What you should do: Check the records below line by line for the string "Among". Give the number of lines that contain it and nothing else.
━━━━━ Data records
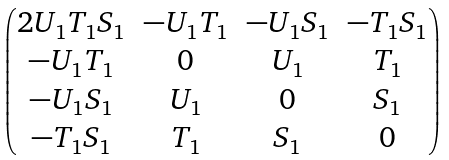Convert formula to latex. <formula><loc_0><loc_0><loc_500><loc_500>\begin{pmatrix} 2 U _ { 1 } T _ { 1 } S _ { 1 } & - U _ { 1 } T _ { 1 } & - U _ { 1 } S _ { 1 } & - T _ { 1 } S _ { 1 } \\ - U _ { 1 } T _ { 1 } & 0 & U _ { 1 } & T _ { 1 } \\ - U _ { 1 } S _ { 1 } & U _ { 1 } & 0 & S _ { 1 } \\ - T _ { 1 } S _ { 1 } & T _ { 1 } & S _ { 1 } & 0 \end{pmatrix}</formula> 
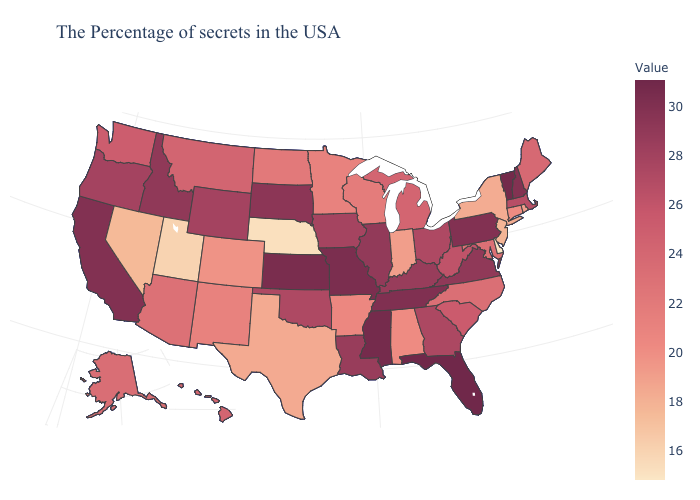Does New Jersey have the lowest value in the Northeast?
Short answer required. Yes. Among the states that border Wyoming , which have the highest value?
Answer briefly. South Dakota. Among the states that border Pennsylvania , which have the highest value?
Be succinct. Ohio. Which states have the lowest value in the West?
Keep it brief. Utah. Among the states that border Tennessee , does Alabama have the lowest value?
Short answer required. Yes. 
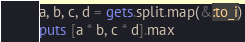<code> <loc_0><loc_0><loc_500><loc_500><_Ruby_>a, b, c, d = gets.split.map(&:to_i)
puts [a * b, c * d].max</code> 
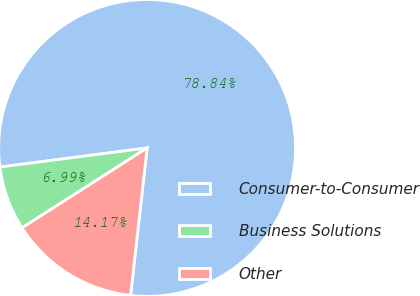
━━━━━━━━━━
Solution for this problem: 3